# How to kill PRG and let bermuda come in??



## conroyz28 (Mar 23, 2020)

I over seeded with PRG last year for the 1st time. I live in TX, so bermuda is starting to green up a little bit. 
Whats is the best way and product to kill off the PRG and let the bermuda start? 
Also , when should I start to scalp down the grass. I usually run about 1/2-3/4 HOC.

Thanks


----------



## conroyz28 (Mar 23, 2020)

I got a bunch also. About 10k sq ft


----------



## TulsaFan (May 1, 2017)

Katana


----------



## Ware (Jan 28, 2017)

I used MSM Turf. There are a lot of choices.


----------



## Hapa512 (Mar 22, 2020)

conroyz28 said:


> I over seeded with PRG last year for the 1st time. I live in TX, so bermuda is starting to green up a little bit.
> Whats is the best way and product to kill off the PRG and let the bermuda start?
> Also , when should I start to scalp down the grass. I usually run about 1/2-3/4 HOC.
> 
> Thanks


I just recently started to burn off my back yard with MSM. The first pic was from last Sunday post cut to .5 The second pic was todays pic 2 days after I cut on Friday. The Rye is def dying off with little to no growth, I'm thinking about cutting it one more time, possibly today to .25 (scalp) and see if I need to spray MSM again....or I may use Certainty? I know MSM works, but I feel more comfortable using the Certainty myself. I have not sprayed my front yard yet. I may do an experiment and see what happens when I use Certainty on the front vs MSM on the back.

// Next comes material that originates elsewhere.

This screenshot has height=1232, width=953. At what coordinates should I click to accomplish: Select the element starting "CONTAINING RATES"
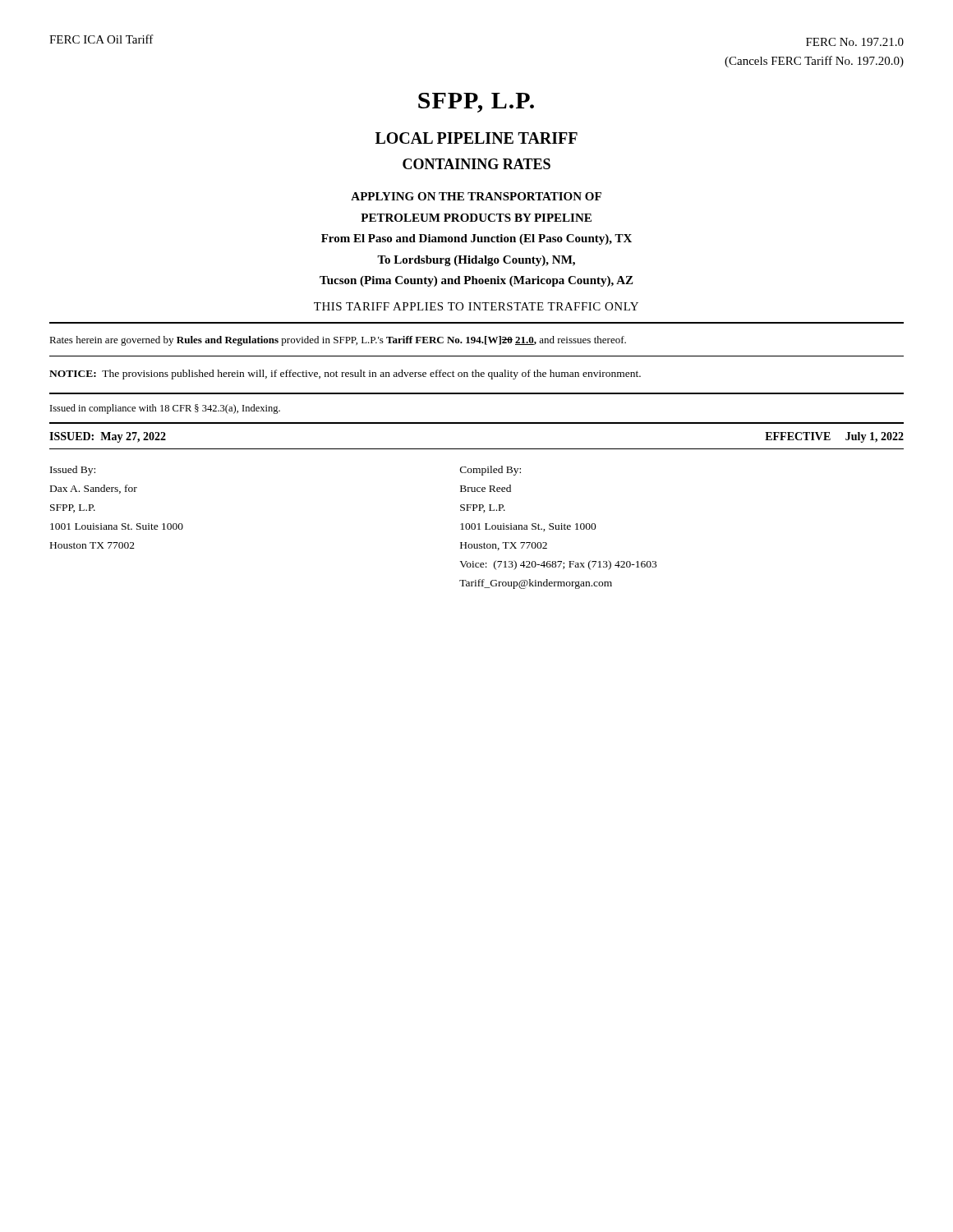coord(476,165)
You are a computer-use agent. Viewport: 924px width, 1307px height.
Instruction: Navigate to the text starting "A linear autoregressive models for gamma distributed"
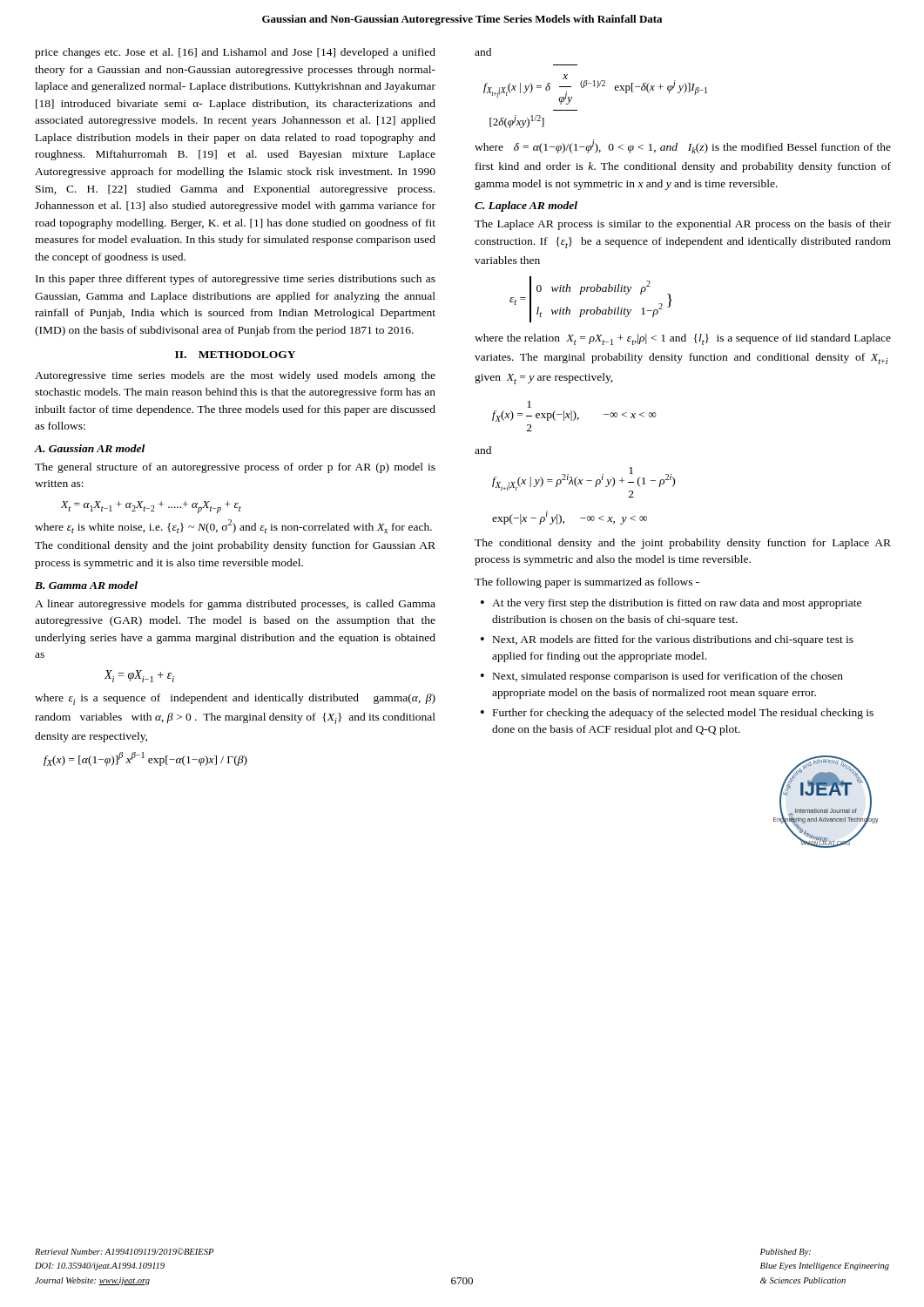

When I started to prepare to kill off my Rye, I slowly lowered my cut from 1.25 to eventually .50. I'm still on the fence about spraying out the front today....LOL.. It still looks great, and temps are still cool at least for the next week or so? Last pic is what my front pretty much looks like now.

03/14/21


03/21/21


03/06/21


----------



## TulsaFan (May 1, 2017)

Ware said:


> I used MSM Turf. There are a lot of choices.


If MSM works, Katana would be an expensive and poor choice! My mistake...save it for something else.


----------



## Hapa512 (Mar 22, 2020)

TulsaFan said:


> Ware said:
> 
> 
> > I used MSM Turf. There are a lot of choices.
> ...


I just checked the price....I think I could buy a real Katana Sword for that price on Amazon !! :lol:


----------



## Ware (Jan 28, 2017)

Hapa512 said:


> TulsaFan said:
> 
> 
> > Ware said:
> ...


Lawn & Pest Control Supply usually has the cheapest price on Katana. At $210, it is expensive, but note the high rate for PRG is only 0.034 oz/M. That works out to about $1.43 per thousand.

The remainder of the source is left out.